The meta-analysis model has parameters for a population mean \(\mu\) and standard deviation \(\tau > 0\) as well as the effect \(\theta_j\) of the treatment in each school. The model has weak normal and half-normal priors for the population-level parameters, \[\begin{eqnarray*} \mu & \sim & \textrm{normal}(0, 5) \\[4pt] \tau & \sim & \textrm{normal}_{+}(0, 5). \end{eqnarray*}\] School level effects are modeled as normal given the population parameters, \[ \theta_j \sim \textrm{normal}(\mu, \tau). \] The data is modeled as in a meta-analysis, given the school effect and sample standard deviation in the school, \[ y_j \sim \textrm{normal}(\theta_j, \sigma_j). \]

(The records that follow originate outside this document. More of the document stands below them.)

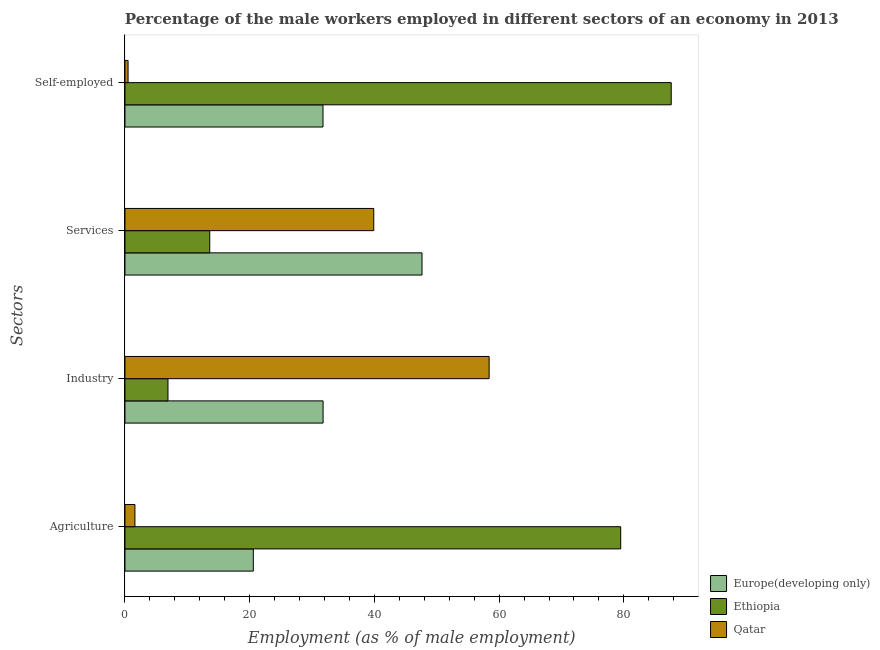How many different coloured bars are there?
Ensure brevity in your answer.  3. Are the number of bars per tick equal to the number of legend labels?
Offer a terse response. Yes. Are the number of bars on each tick of the Y-axis equal?
Provide a succinct answer. Yes. What is the label of the 4th group of bars from the top?
Keep it short and to the point. Agriculture. What is the percentage of self employed male workers in Europe(developing only)?
Give a very brief answer. 31.76. Across all countries, what is the maximum percentage of self employed male workers?
Your answer should be very brief. 87.6. Across all countries, what is the minimum percentage of male workers in industry?
Provide a succinct answer. 6.9. In which country was the percentage of male workers in agriculture maximum?
Provide a succinct answer. Ethiopia. In which country was the percentage of male workers in agriculture minimum?
Your response must be concise. Qatar. What is the total percentage of male workers in services in the graph?
Your response must be concise. 101.14. What is the difference between the percentage of self employed male workers in Europe(developing only) and that in Ethiopia?
Your answer should be very brief. -55.84. What is the difference between the percentage of male workers in industry in Europe(developing only) and the percentage of self employed male workers in Qatar?
Your answer should be compact. 31.27. What is the average percentage of self employed male workers per country?
Keep it short and to the point. 39.95. What is the difference between the percentage of male workers in agriculture and percentage of male workers in industry in Qatar?
Provide a succinct answer. -56.8. In how many countries, is the percentage of male workers in services greater than 40 %?
Give a very brief answer. 1. What is the ratio of the percentage of male workers in industry in Ethiopia to that in Europe(developing only)?
Your answer should be very brief. 0.22. Is the percentage of male workers in services in Europe(developing only) less than that in Qatar?
Your response must be concise. No. Is the difference between the percentage of male workers in industry in Qatar and Europe(developing only) greater than the difference between the percentage of male workers in services in Qatar and Europe(developing only)?
Provide a short and direct response. Yes. What is the difference between the highest and the second highest percentage of male workers in agriculture?
Your answer should be very brief. 58.91. What is the difference between the highest and the lowest percentage of male workers in services?
Provide a succinct answer. 34.04. In how many countries, is the percentage of male workers in services greater than the average percentage of male workers in services taken over all countries?
Give a very brief answer. 2. Is it the case that in every country, the sum of the percentage of male workers in services and percentage of self employed male workers is greater than the sum of percentage of male workers in agriculture and percentage of male workers in industry?
Provide a succinct answer. No. What does the 1st bar from the top in Agriculture represents?
Provide a succinct answer. Qatar. What does the 3rd bar from the bottom in Industry represents?
Your answer should be very brief. Qatar. Is it the case that in every country, the sum of the percentage of male workers in agriculture and percentage of male workers in industry is greater than the percentage of male workers in services?
Make the answer very short. Yes. How many bars are there?
Make the answer very short. 12. What is the difference between two consecutive major ticks on the X-axis?
Your response must be concise. 20. Does the graph contain any zero values?
Your answer should be compact. No. Does the graph contain grids?
Keep it short and to the point. No. Where does the legend appear in the graph?
Offer a terse response. Bottom right. What is the title of the graph?
Give a very brief answer. Percentage of the male workers employed in different sectors of an economy in 2013. What is the label or title of the X-axis?
Make the answer very short. Employment (as % of male employment). What is the label or title of the Y-axis?
Keep it short and to the point. Sectors. What is the Employment (as % of male employment) of Europe(developing only) in Agriculture?
Provide a short and direct response. 20.59. What is the Employment (as % of male employment) in Ethiopia in Agriculture?
Keep it short and to the point. 79.5. What is the Employment (as % of male employment) in Qatar in Agriculture?
Give a very brief answer. 1.6. What is the Employment (as % of male employment) of Europe(developing only) in Industry?
Provide a succinct answer. 31.77. What is the Employment (as % of male employment) of Ethiopia in Industry?
Make the answer very short. 6.9. What is the Employment (as % of male employment) of Qatar in Industry?
Keep it short and to the point. 58.4. What is the Employment (as % of male employment) of Europe(developing only) in Services?
Your answer should be very brief. 47.64. What is the Employment (as % of male employment) in Ethiopia in Services?
Make the answer very short. 13.6. What is the Employment (as % of male employment) in Qatar in Services?
Keep it short and to the point. 39.9. What is the Employment (as % of male employment) in Europe(developing only) in Self-employed?
Offer a terse response. 31.76. What is the Employment (as % of male employment) of Ethiopia in Self-employed?
Give a very brief answer. 87.6. What is the Employment (as % of male employment) of Qatar in Self-employed?
Provide a succinct answer. 0.5. Across all Sectors, what is the maximum Employment (as % of male employment) in Europe(developing only)?
Ensure brevity in your answer.  47.64. Across all Sectors, what is the maximum Employment (as % of male employment) of Ethiopia?
Your response must be concise. 87.6. Across all Sectors, what is the maximum Employment (as % of male employment) in Qatar?
Provide a short and direct response. 58.4. Across all Sectors, what is the minimum Employment (as % of male employment) in Europe(developing only)?
Make the answer very short. 20.59. Across all Sectors, what is the minimum Employment (as % of male employment) in Ethiopia?
Provide a succinct answer. 6.9. What is the total Employment (as % of male employment) in Europe(developing only) in the graph?
Your answer should be very brief. 131.75. What is the total Employment (as % of male employment) of Ethiopia in the graph?
Offer a very short reply. 187.6. What is the total Employment (as % of male employment) in Qatar in the graph?
Keep it short and to the point. 100.4. What is the difference between the Employment (as % of male employment) of Europe(developing only) in Agriculture and that in Industry?
Provide a succinct answer. -11.19. What is the difference between the Employment (as % of male employment) of Ethiopia in Agriculture and that in Industry?
Keep it short and to the point. 72.6. What is the difference between the Employment (as % of male employment) of Qatar in Agriculture and that in Industry?
Offer a very short reply. -56.8. What is the difference between the Employment (as % of male employment) in Europe(developing only) in Agriculture and that in Services?
Keep it short and to the point. -27.05. What is the difference between the Employment (as % of male employment) in Ethiopia in Agriculture and that in Services?
Make the answer very short. 65.9. What is the difference between the Employment (as % of male employment) of Qatar in Agriculture and that in Services?
Your answer should be compact. -38.3. What is the difference between the Employment (as % of male employment) in Europe(developing only) in Agriculture and that in Self-employed?
Provide a short and direct response. -11.17. What is the difference between the Employment (as % of male employment) of Europe(developing only) in Industry and that in Services?
Your answer should be compact. -15.86. What is the difference between the Employment (as % of male employment) of Qatar in Industry and that in Services?
Provide a short and direct response. 18.5. What is the difference between the Employment (as % of male employment) of Europe(developing only) in Industry and that in Self-employed?
Give a very brief answer. 0.01. What is the difference between the Employment (as % of male employment) of Ethiopia in Industry and that in Self-employed?
Provide a succinct answer. -80.7. What is the difference between the Employment (as % of male employment) of Qatar in Industry and that in Self-employed?
Your answer should be very brief. 57.9. What is the difference between the Employment (as % of male employment) in Europe(developing only) in Services and that in Self-employed?
Your answer should be very brief. 15.88. What is the difference between the Employment (as % of male employment) of Ethiopia in Services and that in Self-employed?
Give a very brief answer. -74. What is the difference between the Employment (as % of male employment) in Qatar in Services and that in Self-employed?
Ensure brevity in your answer.  39.4. What is the difference between the Employment (as % of male employment) in Europe(developing only) in Agriculture and the Employment (as % of male employment) in Ethiopia in Industry?
Keep it short and to the point. 13.69. What is the difference between the Employment (as % of male employment) of Europe(developing only) in Agriculture and the Employment (as % of male employment) of Qatar in Industry?
Make the answer very short. -37.81. What is the difference between the Employment (as % of male employment) in Ethiopia in Agriculture and the Employment (as % of male employment) in Qatar in Industry?
Make the answer very short. 21.1. What is the difference between the Employment (as % of male employment) of Europe(developing only) in Agriculture and the Employment (as % of male employment) of Ethiopia in Services?
Offer a very short reply. 6.99. What is the difference between the Employment (as % of male employment) of Europe(developing only) in Agriculture and the Employment (as % of male employment) of Qatar in Services?
Your answer should be compact. -19.31. What is the difference between the Employment (as % of male employment) of Ethiopia in Agriculture and the Employment (as % of male employment) of Qatar in Services?
Keep it short and to the point. 39.6. What is the difference between the Employment (as % of male employment) in Europe(developing only) in Agriculture and the Employment (as % of male employment) in Ethiopia in Self-employed?
Give a very brief answer. -67.01. What is the difference between the Employment (as % of male employment) of Europe(developing only) in Agriculture and the Employment (as % of male employment) of Qatar in Self-employed?
Provide a succinct answer. 20.09. What is the difference between the Employment (as % of male employment) in Ethiopia in Agriculture and the Employment (as % of male employment) in Qatar in Self-employed?
Offer a very short reply. 79. What is the difference between the Employment (as % of male employment) in Europe(developing only) in Industry and the Employment (as % of male employment) in Ethiopia in Services?
Ensure brevity in your answer.  18.17. What is the difference between the Employment (as % of male employment) of Europe(developing only) in Industry and the Employment (as % of male employment) of Qatar in Services?
Offer a terse response. -8.13. What is the difference between the Employment (as % of male employment) of Ethiopia in Industry and the Employment (as % of male employment) of Qatar in Services?
Offer a very short reply. -33. What is the difference between the Employment (as % of male employment) in Europe(developing only) in Industry and the Employment (as % of male employment) in Ethiopia in Self-employed?
Make the answer very short. -55.83. What is the difference between the Employment (as % of male employment) of Europe(developing only) in Industry and the Employment (as % of male employment) of Qatar in Self-employed?
Make the answer very short. 31.27. What is the difference between the Employment (as % of male employment) of Europe(developing only) in Services and the Employment (as % of male employment) of Ethiopia in Self-employed?
Give a very brief answer. -39.96. What is the difference between the Employment (as % of male employment) in Europe(developing only) in Services and the Employment (as % of male employment) in Qatar in Self-employed?
Keep it short and to the point. 47.14. What is the difference between the Employment (as % of male employment) of Ethiopia in Services and the Employment (as % of male employment) of Qatar in Self-employed?
Give a very brief answer. 13.1. What is the average Employment (as % of male employment) of Europe(developing only) per Sectors?
Provide a short and direct response. 32.94. What is the average Employment (as % of male employment) of Ethiopia per Sectors?
Your answer should be compact. 46.9. What is the average Employment (as % of male employment) of Qatar per Sectors?
Provide a short and direct response. 25.1. What is the difference between the Employment (as % of male employment) in Europe(developing only) and Employment (as % of male employment) in Ethiopia in Agriculture?
Make the answer very short. -58.91. What is the difference between the Employment (as % of male employment) in Europe(developing only) and Employment (as % of male employment) in Qatar in Agriculture?
Keep it short and to the point. 18.99. What is the difference between the Employment (as % of male employment) of Ethiopia and Employment (as % of male employment) of Qatar in Agriculture?
Your answer should be very brief. 77.9. What is the difference between the Employment (as % of male employment) of Europe(developing only) and Employment (as % of male employment) of Ethiopia in Industry?
Keep it short and to the point. 24.87. What is the difference between the Employment (as % of male employment) of Europe(developing only) and Employment (as % of male employment) of Qatar in Industry?
Keep it short and to the point. -26.63. What is the difference between the Employment (as % of male employment) of Ethiopia and Employment (as % of male employment) of Qatar in Industry?
Ensure brevity in your answer.  -51.5. What is the difference between the Employment (as % of male employment) of Europe(developing only) and Employment (as % of male employment) of Ethiopia in Services?
Offer a terse response. 34.04. What is the difference between the Employment (as % of male employment) of Europe(developing only) and Employment (as % of male employment) of Qatar in Services?
Provide a succinct answer. 7.74. What is the difference between the Employment (as % of male employment) of Ethiopia and Employment (as % of male employment) of Qatar in Services?
Your answer should be very brief. -26.3. What is the difference between the Employment (as % of male employment) of Europe(developing only) and Employment (as % of male employment) of Ethiopia in Self-employed?
Your answer should be compact. -55.84. What is the difference between the Employment (as % of male employment) in Europe(developing only) and Employment (as % of male employment) in Qatar in Self-employed?
Your answer should be very brief. 31.26. What is the difference between the Employment (as % of male employment) of Ethiopia and Employment (as % of male employment) of Qatar in Self-employed?
Provide a succinct answer. 87.1. What is the ratio of the Employment (as % of male employment) in Europe(developing only) in Agriculture to that in Industry?
Provide a short and direct response. 0.65. What is the ratio of the Employment (as % of male employment) in Ethiopia in Agriculture to that in Industry?
Offer a very short reply. 11.52. What is the ratio of the Employment (as % of male employment) in Qatar in Agriculture to that in Industry?
Your answer should be very brief. 0.03. What is the ratio of the Employment (as % of male employment) in Europe(developing only) in Agriculture to that in Services?
Your answer should be very brief. 0.43. What is the ratio of the Employment (as % of male employment) of Ethiopia in Agriculture to that in Services?
Provide a short and direct response. 5.85. What is the ratio of the Employment (as % of male employment) of Qatar in Agriculture to that in Services?
Your response must be concise. 0.04. What is the ratio of the Employment (as % of male employment) in Europe(developing only) in Agriculture to that in Self-employed?
Offer a very short reply. 0.65. What is the ratio of the Employment (as % of male employment) in Ethiopia in Agriculture to that in Self-employed?
Offer a very short reply. 0.91. What is the ratio of the Employment (as % of male employment) in Qatar in Agriculture to that in Self-employed?
Provide a succinct answer. 3.2. What is the ratio of the Employment (as % of male employment) of Europe(developing only) in Industry to that in Services?
Your answer should be very brief. 0.67. What is the ratio of the Employment (as % of male employment) in Ethiopia in Industry to that in Services?
Offer a very short reply. 0.51. What is the ratio of the Employment (as % of male employment) in Qatar in Industry to that in Services?
Offer a very short reply. 1.46. What is the ratio of the Employment (as % of male employment) of Ethiopia in Industry to that in Self-employed?
Ensure brevity in your answer.  0.08. What is the ratio of the Employment (as % of male employment) in Qatar in Industry to that in Self-employed?
Your answer should be very brief. 116.8. What is the ratio of the Employment (as % of male employment) of Europe(developing only) in Services to that in Self-employed?
Keep it short and to the point. 1.5. What is the ratio of the Employment (as % of male employment) of Ethiopia in Services to that in Self-employed?
Make the answer very short. 0.16. What is the ratio of the Employment (as % of male employment) of Qatar in Services to that in Self-employed?
Make the answer very short. 79.8. What is the difference between the highest and the second highest Employment (as % of male employment) of Europe(developing only)?
Your answer should be compact. 15.86. What is the difference between the highest and the lowest Employment (as % of male employment) in Europe(developing only)?
Make the answer very short. 27.05. What is the difference between the highest and the lowest Employment (as % of male employment) in Ethiopia?
Offer a terse response. 80.7. What is the difference between the highest and the lowest Employment (as % of male employment) of Qatar?
Give a very brief answer. 57.9. 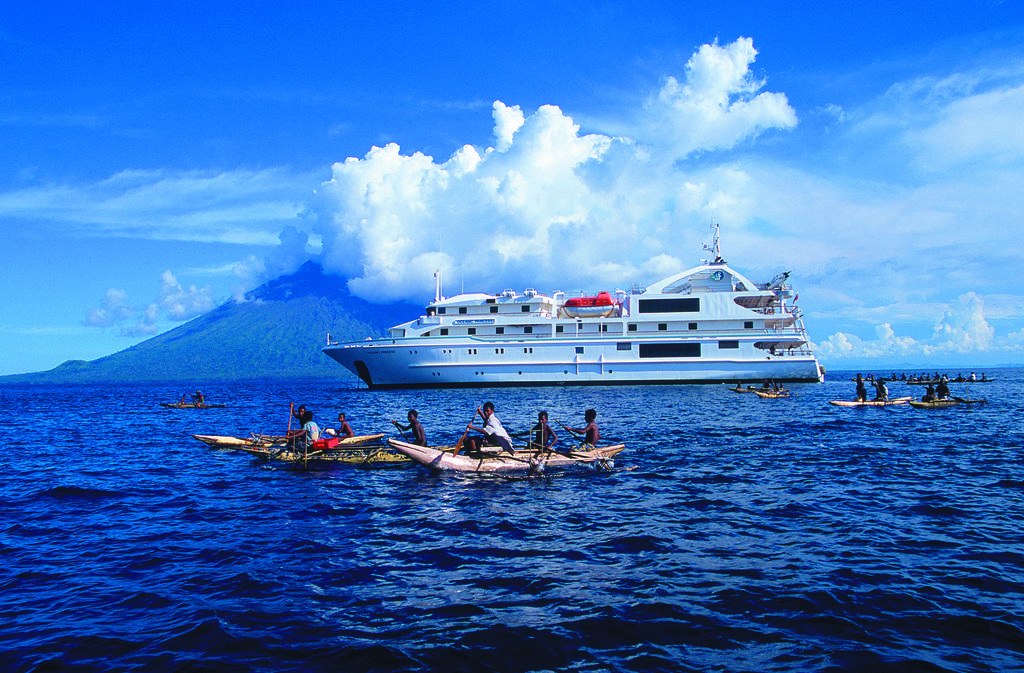What is the main subject of the image? The main subject of the image is a ship. What are the people in the image doing? The people in the image are riding boats on the water. What can be seen in the background of the image? There are hills and the sky visible in the background of the image. What type of wax is being used for the operation in the image? There is no operation or wax present in the image; it features a ship and people riding boats on the water. Is there a veil covering the ship in the image? There is no veil covering the ship in the image; it is visible in its entirety. 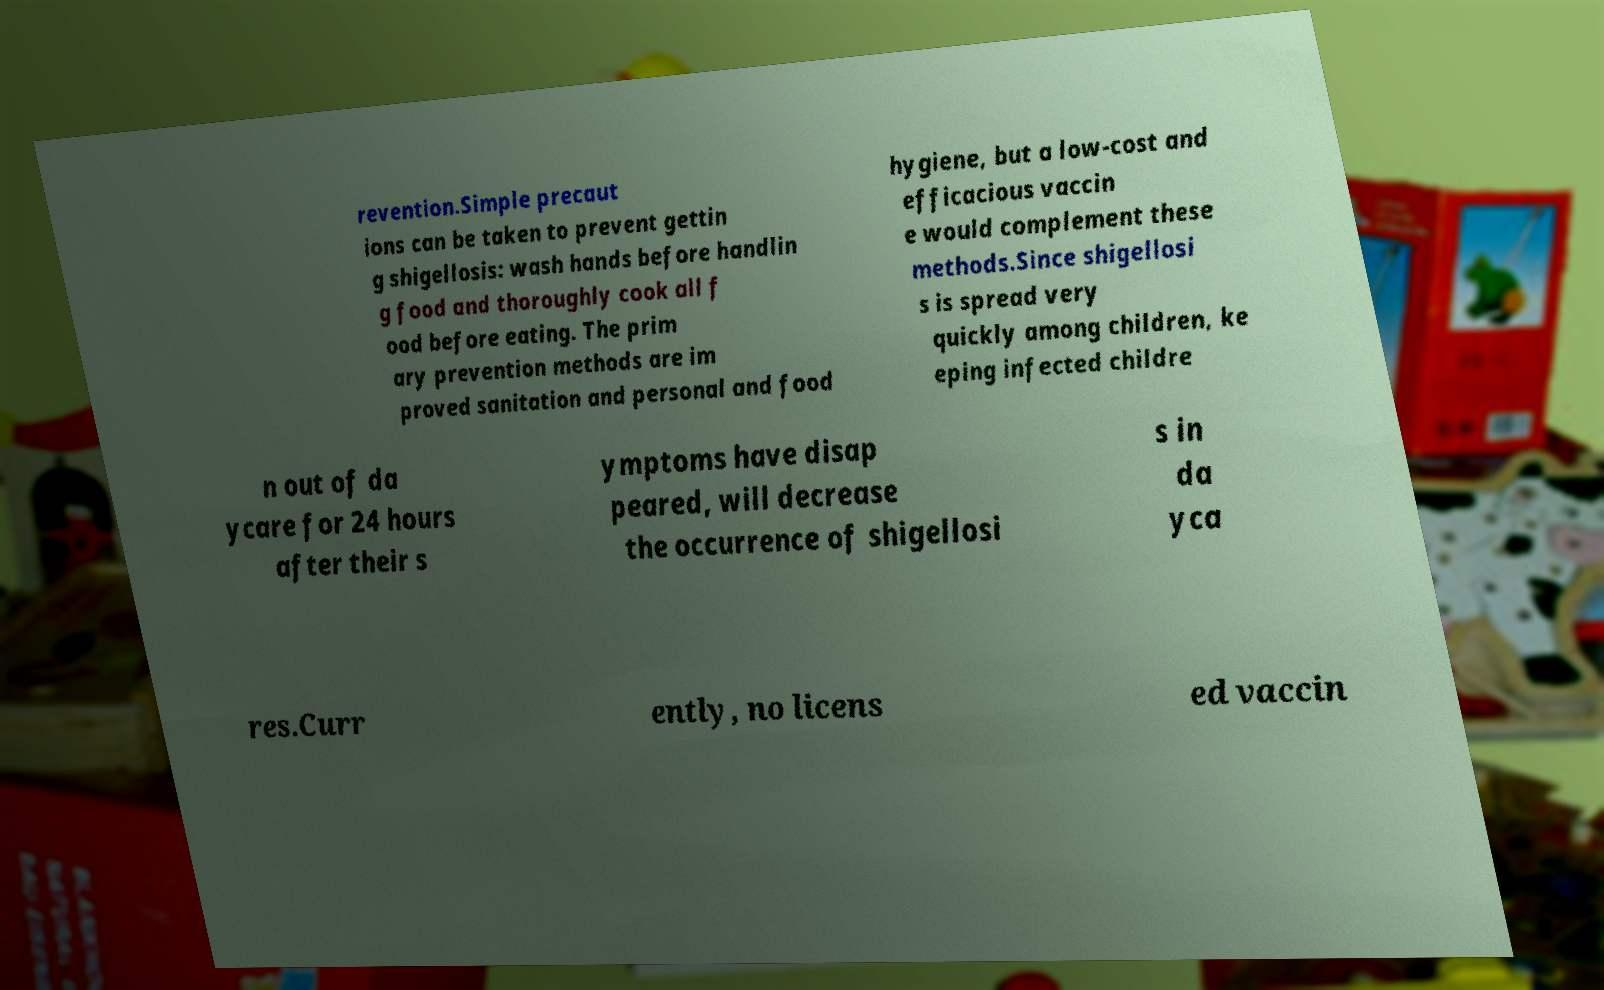There's text embedded in this image that I need extracted. Can you transcribe it verbatim? revention.Simple precaut ions can be taken to prevent gettin g shigellosis: wash hands before handlin g food and thoroughly cook all f ood before eating. The prim ary prevention methods are im proved sanitation and personal and food hygiene, but a low-cost and efficacious vaccin e would complement these methods.Since shigellosi s is spread very quickly among children, ke eping infected childre n out of da ycare for 24 hours after their s ymptoms have disap peared, will decrease the occurrence of shigellosi s in da yca res.Curr ently, no licens ed vaccin

This model can be coded in Stan with a data-generating process that simulates the parameters and then simulates data according to the parameters.
transformed data {
real mu_sim = normal_rng(0, 5);
real tau_sim = fabs(normal_rng(0, 5));
int<lower = 0> J = 8;
real theta_sim[J] = normal_rng(rep_vector(mu_sim, J), tau_sim);
real<lower=0> sigma[J] = fabs(normal_rng(rep_vector(0, J), 5));
real y[J] = normal_rng(theta_sim, sigma);
}
parameters {
real mu;
real<lower=0> tau;
real theta[J];
}
model {
tau ~ normal(0, 5);
mu ~ normal(0, 5);
theta ~ normal(mu, tau);
y ~ normal(theta, sigma);
}
generated quantities {
int<lower = 0, upper = 1> mu_lt_sim = mu < mu_sim;
int<lower = 0, upper = 1> tau_lt_sim = tau < tau_sim;
int<lower = 0, upper = 1> theta1_lt_sim = theta[1] < theta_sim[1];
}
As usual for simulation-based calibration, the transformed data encodes the data-generating process using random number generators. Here, the population parameters \(\mu\) and \(\tau\) are first simulated, then the school-level effects \(\theta\), and then finally the observed data \(\sigma_j\) and \(y_j.\) The parameters and model are a direct encoding of the mathematical presentation using vectorized sampling statements. The generated quantities block includes indicators for parameter comparisons, saving only \(\theta_1\) because the schools are exchangeable in the simulation.
When fitting the model in Stan, multiple warning messages are provided that the sampler has diverged. The divergence warnings are in Stan’s sampler precisely to diagnose the sampler’s inability to follow the curvature in the posterior and provide independent confirmation that Stan’s sampler cannot fit this model as specified.
SBC also diagnoses the problem. Here’s the rank plots for running \(N = 200\) simulations with 1000 warmup iterations and \(M = 999\) draws per simulation used to compute the ranks.
Although the population mean and standard deviation \(\mu\) and \(\tau\) appear well calibrated, \(\theta_1\) tells a very different story. The simulated values are much smaller than the values fit from the data. This is because Stan’s no-U-turn sampler is unable to sample with the model formulated in the centered parameterization—the posterior geometry has regions of extremely high curvature as \(\tau\) approaches zero and the \(\theta_j\) become highly constrained. The chapter on reparameterization explains how to remedy this problem and fit this kind of hierarchical model with Stan.
References
Rubin, Donald B. 1981. “Estimation in Parallel Randomized Experiments.” Journal of Educational Statistics 6: 377–401.
Talts, Sean, Michael Betancourt, Daniel Simpson, Aki Vehtari, and Andrew Gelman. 2018. “Validating Bayesian Inference Algorithms with Simulation-Based Calibration.” arXiv, no. 1804.06788.